I took up running as an ankle injury put paid to my much loved footy, that was decades ago. My one tip for moving to another level would be to join a local running club, you'll be amongst all standards of runners, a high proportion of which are enthusiastic towards every standard of runner. You'll be motivated to push yourself just that little bit more & the next level will be reached!

18/12/2012 at 16:58

I took up running aged 33 in late-2006. My other half at the time had taken up running and I had two daft ideas. Firstly that it was something we could do together since she was getting into it, she dumped me a year later. Secondly that the first race I would run was a marathon.

For background info I'd never been a runner. I was the kid that collapsed trying to run the length of the football pitch. The slowest runner in the school. For me it was completing that marathon four months later that was such an amazing feeling. I couldn't believe that I, that slow non-running kid, had actually completed a marathon.

After that it was fitness. I had got to a fitness level I've never had and didn't want to lose it. Then it became part of my routine and finally it became that if I didn't get out I felt like I'd been slacking. I now go stir crazy if I can't get out regularly.

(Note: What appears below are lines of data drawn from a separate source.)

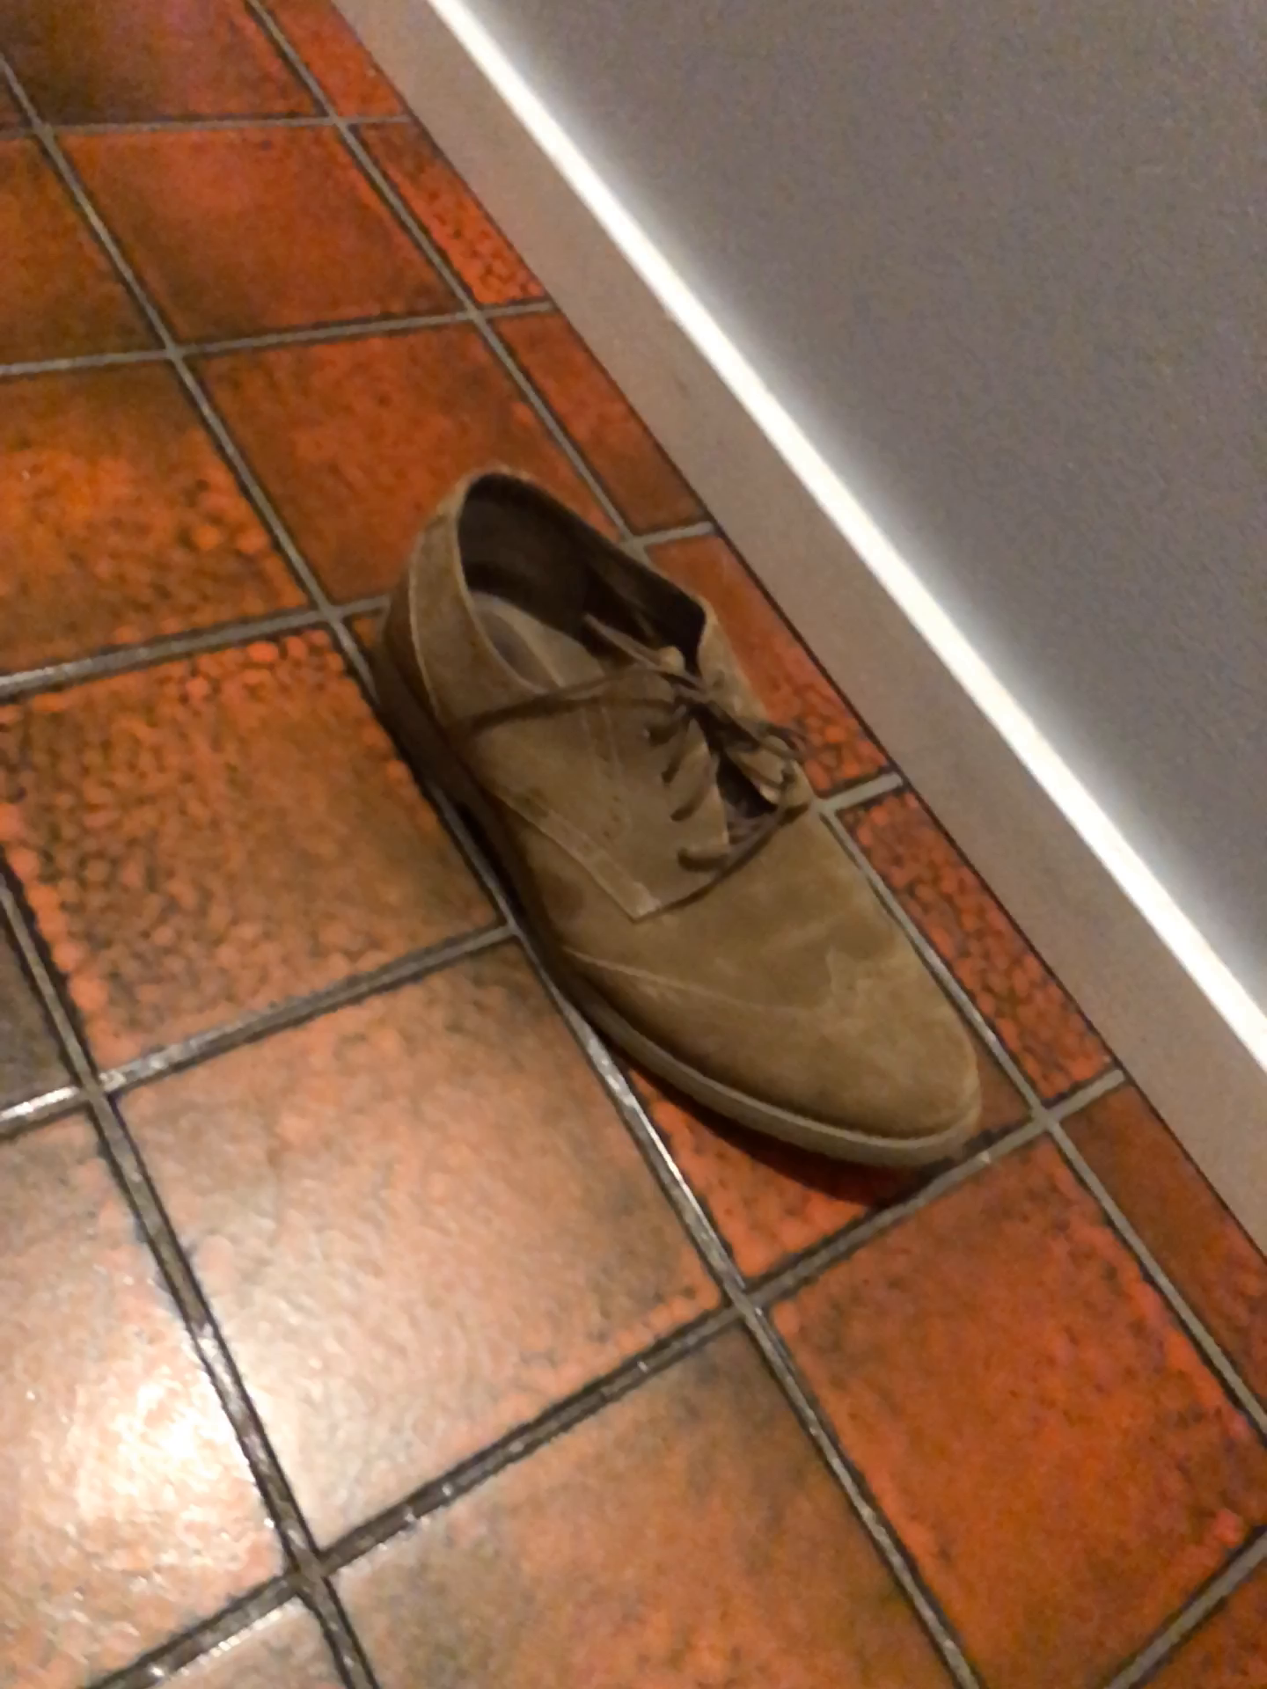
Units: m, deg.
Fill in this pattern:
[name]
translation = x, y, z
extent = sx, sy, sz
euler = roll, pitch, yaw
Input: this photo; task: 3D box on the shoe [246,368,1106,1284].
[shoe]
translation = 0.001, -0.017, 0.498
extent = 0.120, 0.100, 0.300
euler = -29, 72, -34
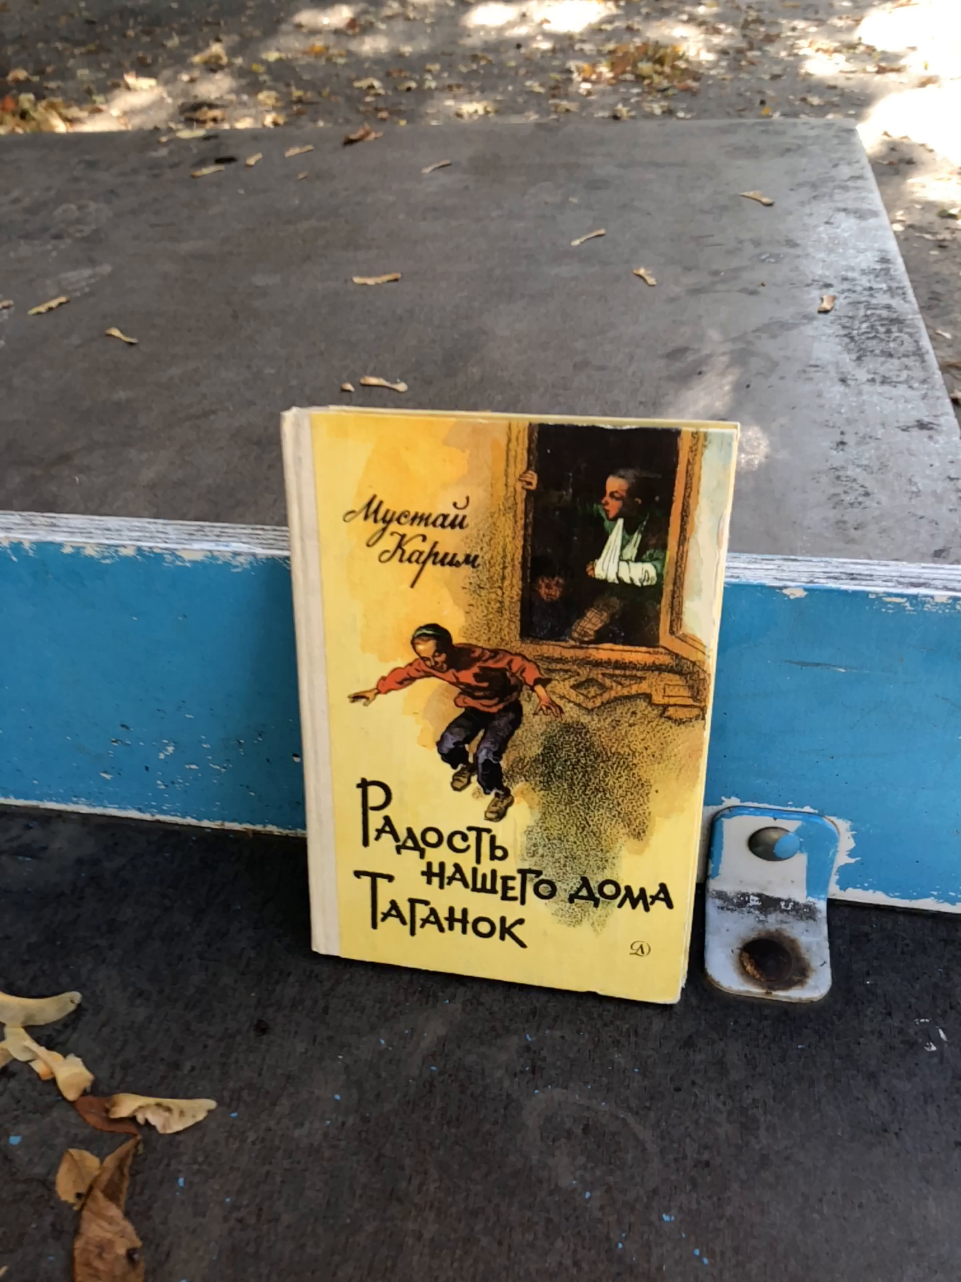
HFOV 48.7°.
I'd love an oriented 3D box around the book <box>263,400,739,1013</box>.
[{"bbox_3d":[0.004,0.027,0.385,0.155,0.218,0.020,4,20,11],"label":"book"}]
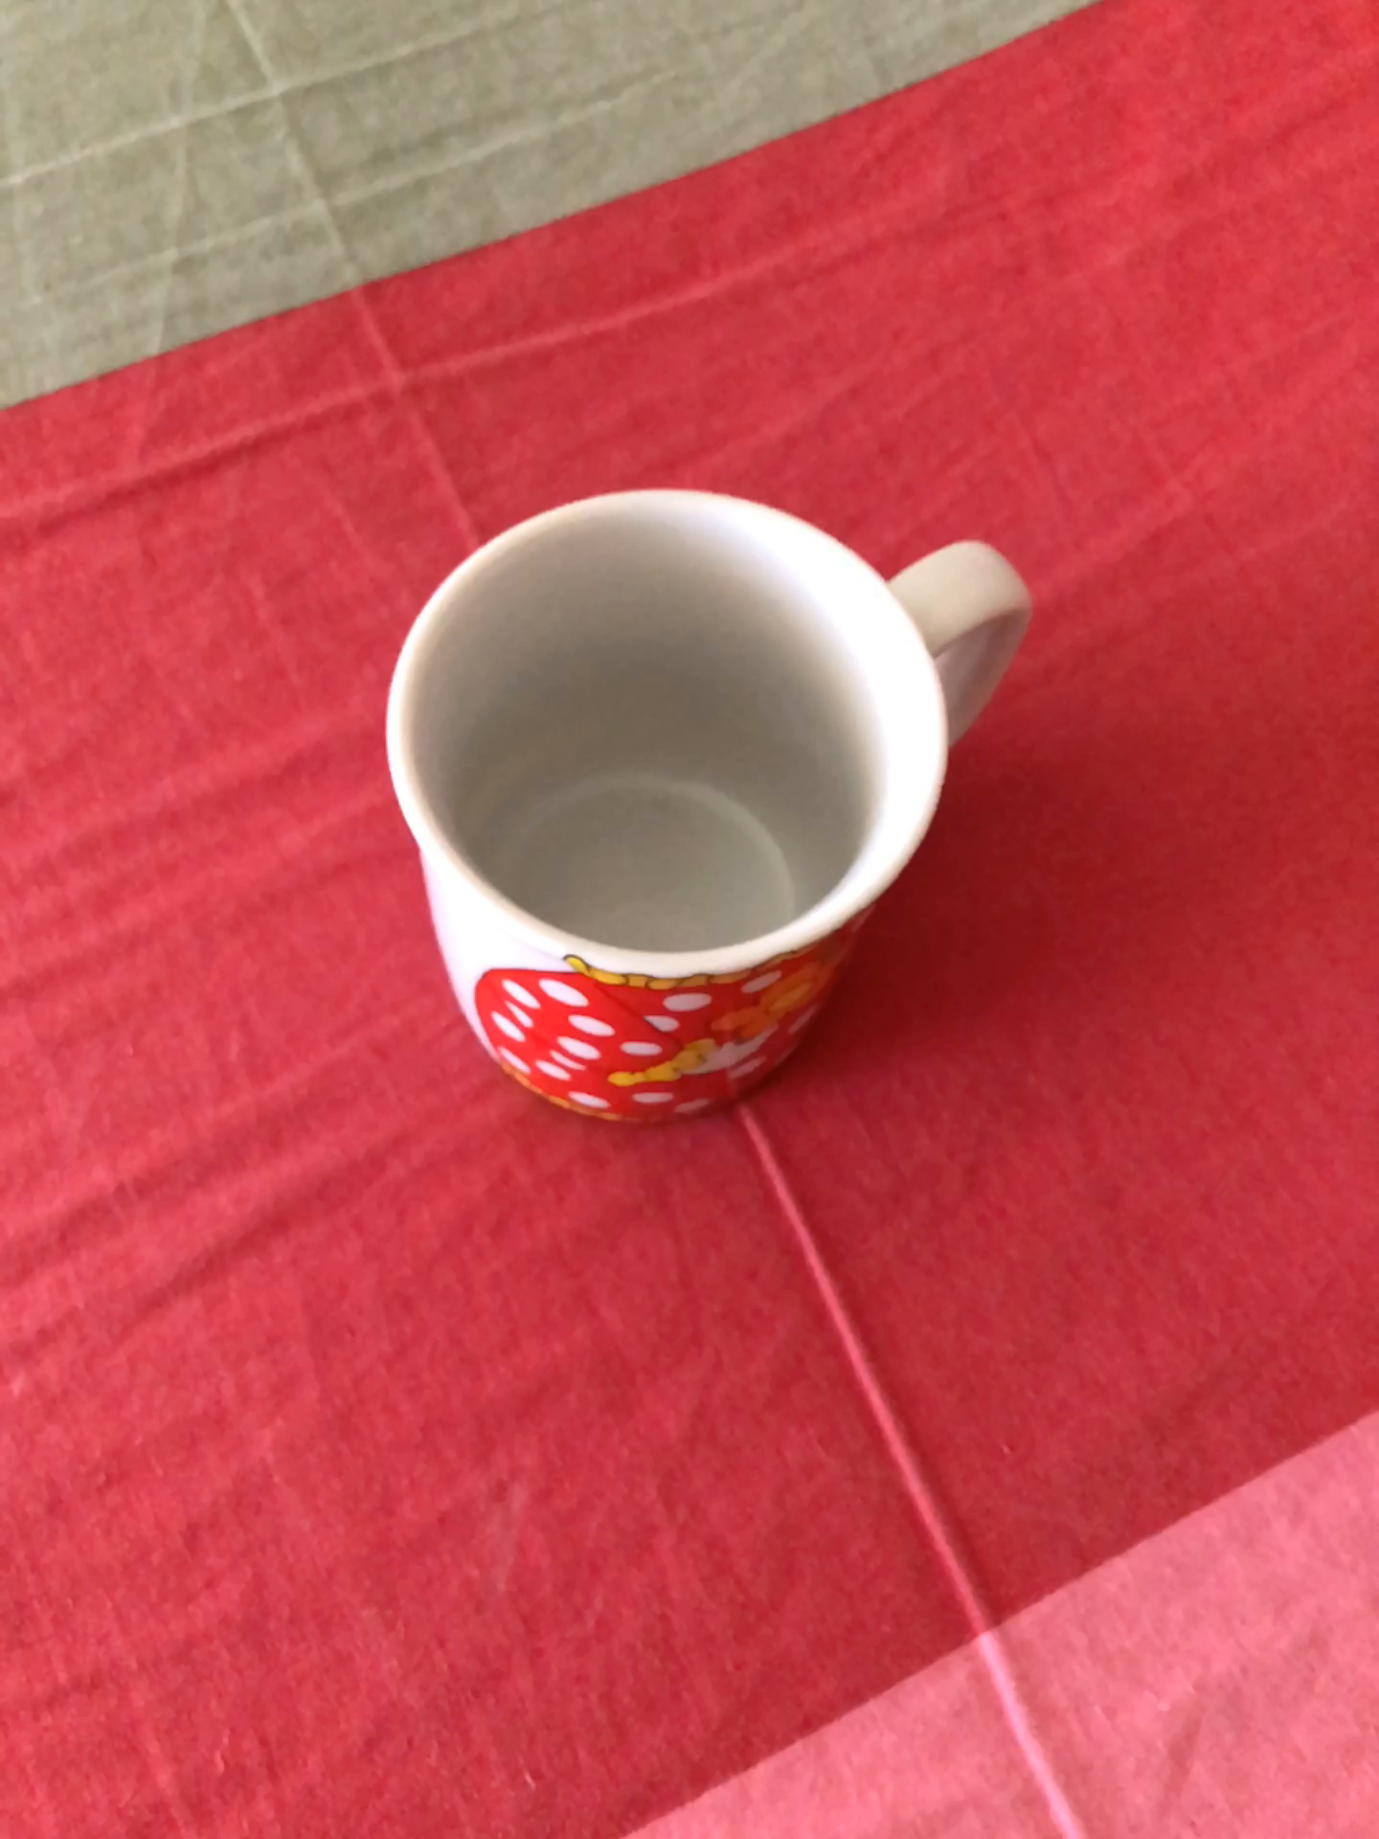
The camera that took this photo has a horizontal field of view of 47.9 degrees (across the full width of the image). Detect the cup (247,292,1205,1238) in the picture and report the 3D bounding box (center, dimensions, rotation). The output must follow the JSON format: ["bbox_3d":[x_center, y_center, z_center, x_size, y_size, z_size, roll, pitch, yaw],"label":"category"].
[{"bbox_3d":[0.004,-0.024,0.273,0.116,0.086,0.089,-39,76,-18],"label":"cup"}]

Edited: 18/12/2012 at 16:58
18/12/2012 at 19:40

There are certain days and certain runs when the endorphins flow.

It took me about 4 years of running before I started getting them. One day I went for a run in the local Royal Park on a horrid wet Autumn day, and I just got a rush.

Running before then wasn't a struggle as I start running to keep fit for other sports. I was use to going for the gym and doing exercise classes before then so I was toned and had some level of fittness but doing team sports meant I had to build my endurance up.

Now I suffer from a health issue that makes running unpleasant and lots of others sports off-limits, but when I can run I can still get the endorphin rush.